Collected data entries:
####
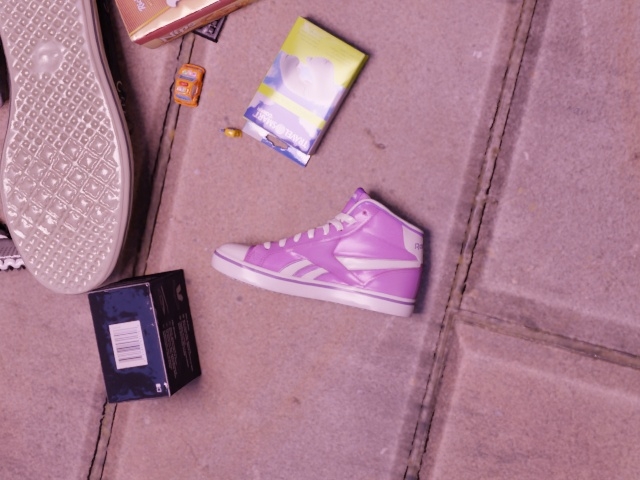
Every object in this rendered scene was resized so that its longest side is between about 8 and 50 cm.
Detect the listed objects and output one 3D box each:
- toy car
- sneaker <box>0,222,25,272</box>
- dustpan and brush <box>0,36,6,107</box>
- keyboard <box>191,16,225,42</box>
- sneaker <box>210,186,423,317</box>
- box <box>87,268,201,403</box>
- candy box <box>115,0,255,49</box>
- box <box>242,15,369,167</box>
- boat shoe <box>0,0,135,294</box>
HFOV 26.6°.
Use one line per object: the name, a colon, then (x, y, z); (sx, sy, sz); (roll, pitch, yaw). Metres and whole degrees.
toy car: (-0.152, -0.193, 1.863); (0.122, 0.040, 0.060); (33, 101, 7)
sneaker: (-0.491, -0.012, 1.936); (0.234, 0.078, 0.106); (4, 99, 14)
dustpan and brush: (-0.475, -0.208, 1.907); (0.060, 0.147, 0.211); (-4, 124, -7)
keyboard: (-0.216, -0.331, 1.872); (0.180, 0.023, 0.108); (25, 101, 9)
sneaker: (0.000, 0.000, 1.828); (0.282, 0.102, 0.161); (10, 95, 0)
box: (-0.238, 0.129, 1.855); (0.093, 0.158, 0.156); (-9, 94, 12)
candy box: (-0.217, -0.439, 1.815); (0.183, 0.087, 0.316); (-23, 86, 12)
box: (-0.025, -0.200, 1.835); (0.109, 0.042, 0.178); (31, 100, 8)
boat shoe: (-0.345, -0.177, 1.847); (0.187, 0.156, 0.500); (-7, 92, 7)
####
TRY IT: Take the lines from the first line of the entries through the line with "HFOV 26.6°.", inclusive, and give them again exactly, minus any pictures.

TASK RESULT:
Every object in this rendered scene was resized so that its longest side is between about 8 and 50 cm.
Detect the listed objects and output one 3D box each:
- toy car
- sneaker <box>0,222,25,272</box>
- dustpan and brush <box>0,36,6,107</box>
- keyboard <box>191,16,225,42</box>
- sneaker <box>210,186,423,317</box>
- box <box>87,268,201,403</box>
- candy box <box>115,0,255,49</box>
- box <box>242,15,369,167</box>
- boat shoe <box>0,0,135,294</box>
HFOV 26.6°.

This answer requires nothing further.